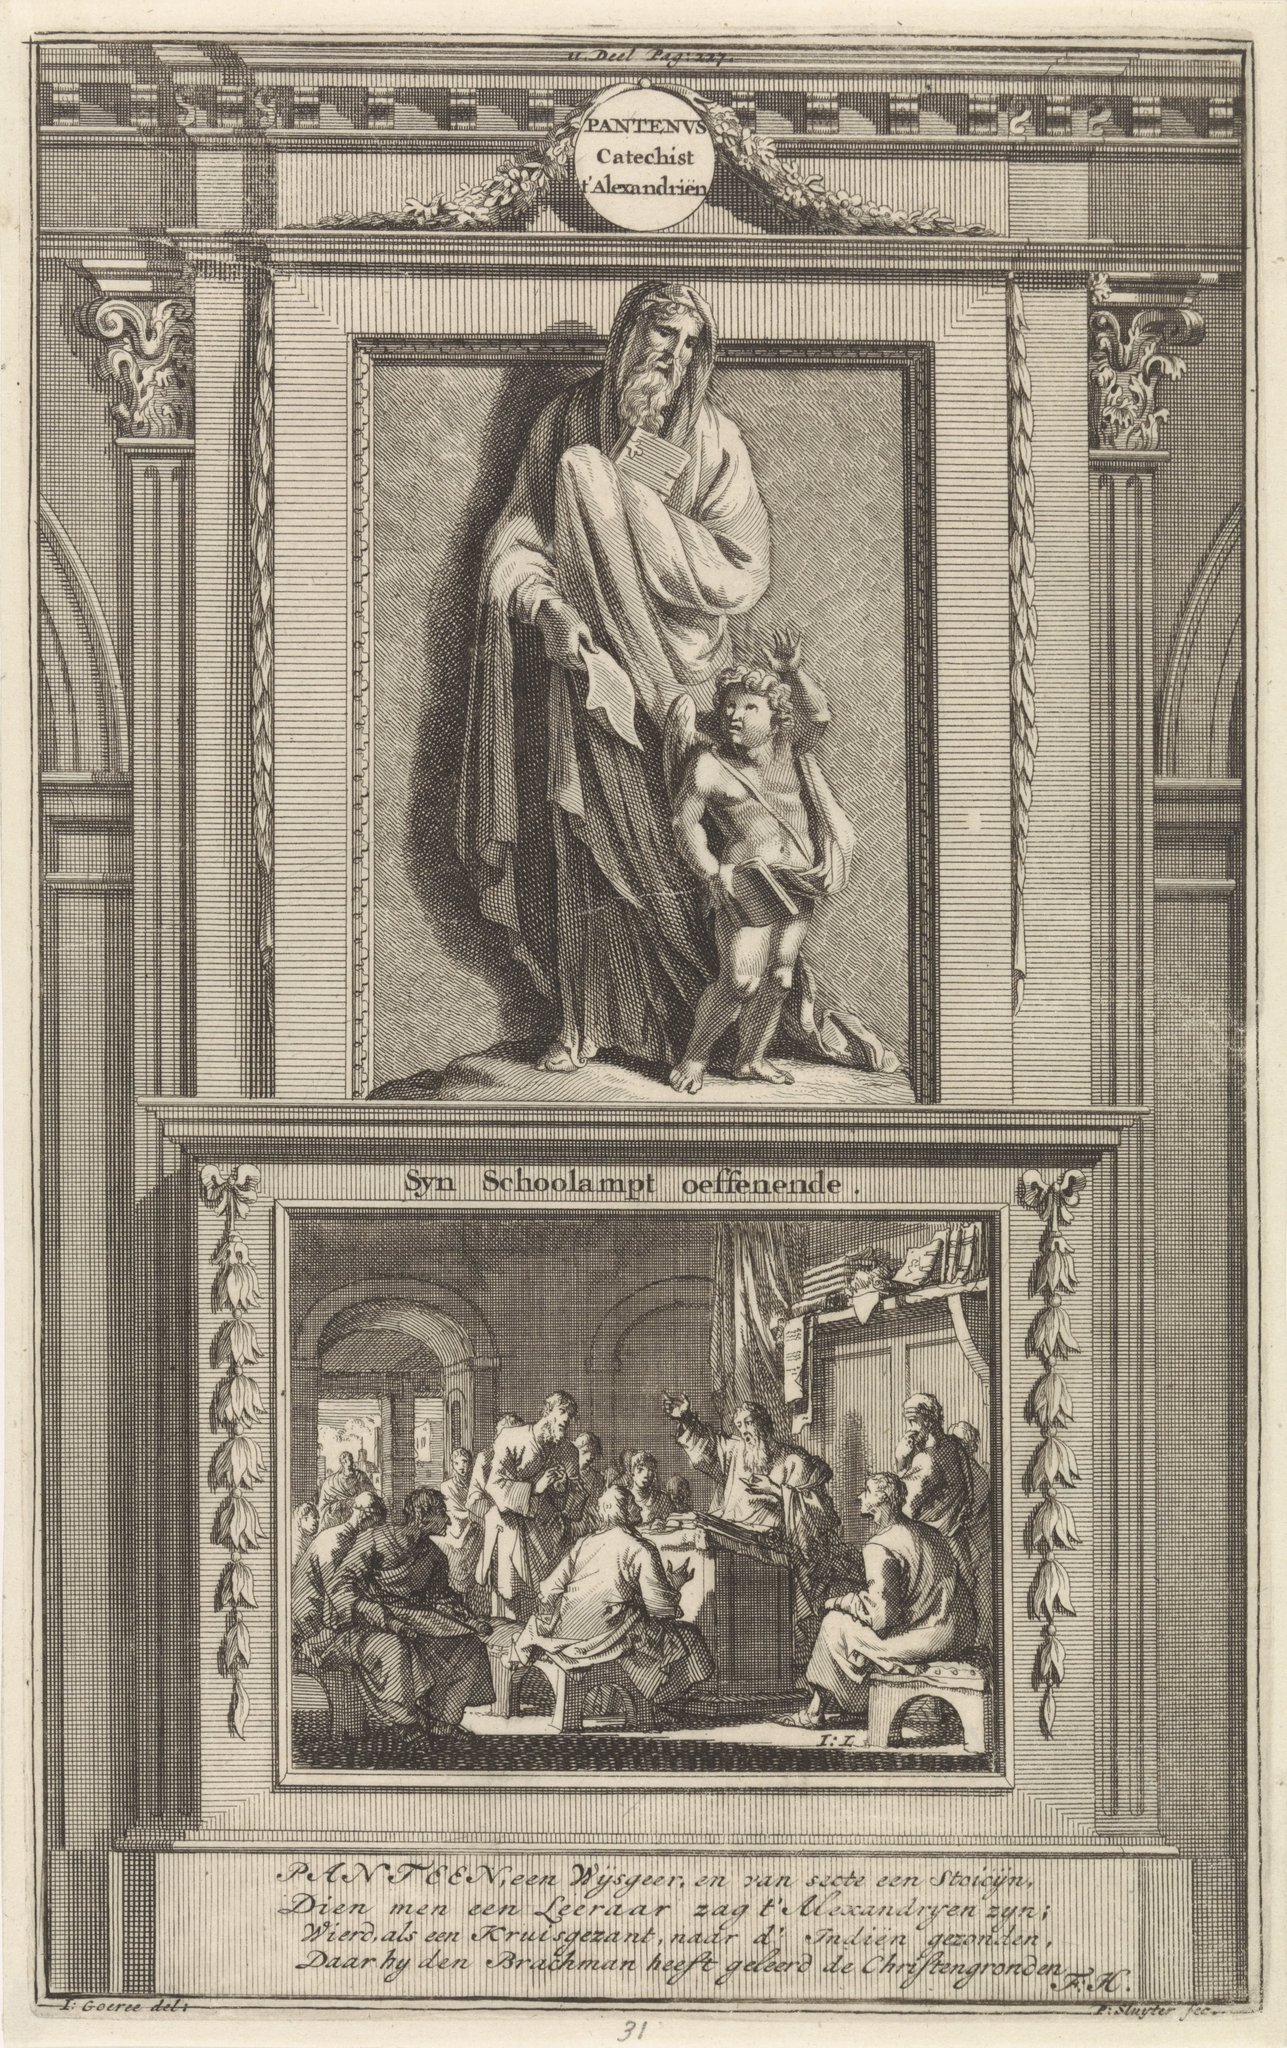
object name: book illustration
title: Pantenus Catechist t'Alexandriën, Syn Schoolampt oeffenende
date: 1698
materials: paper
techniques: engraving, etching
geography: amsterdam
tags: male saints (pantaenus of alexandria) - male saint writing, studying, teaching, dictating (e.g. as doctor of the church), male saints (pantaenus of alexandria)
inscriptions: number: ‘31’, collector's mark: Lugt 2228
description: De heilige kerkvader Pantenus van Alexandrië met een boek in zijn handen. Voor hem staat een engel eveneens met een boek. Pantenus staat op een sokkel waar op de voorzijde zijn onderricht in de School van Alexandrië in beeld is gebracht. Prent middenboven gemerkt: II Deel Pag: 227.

Action item | Give the records again exactly, minus the pictures.

Response below |
object name: book illustration
title: Pantenus Catechist t'Alexandriën, Syn Schoolampt oeffenende
date: 1698
materials: paper
techniques: engraving, etching
geography: amsterdam
tags: male saints (pantaenus of alexandria) - male saint writing, studying, teaching, dictating (e.g. as doctor of the church), male saints (pantaenus of alexandria)
inscriptions: number: ‘31’, collector's mark: Lugt 2228
description: De heilige kerkvader Pantenus van Alexandrië met een boek in zijn handen. Voor hem staat een engel eveneens met een boek. Pantenus staat op een sokkel waar op de voorzijde zijn onderricht in de School van Alexandrië in beeld is gebracht. Prent middenboven gemerkt: II Deel Pag: 227.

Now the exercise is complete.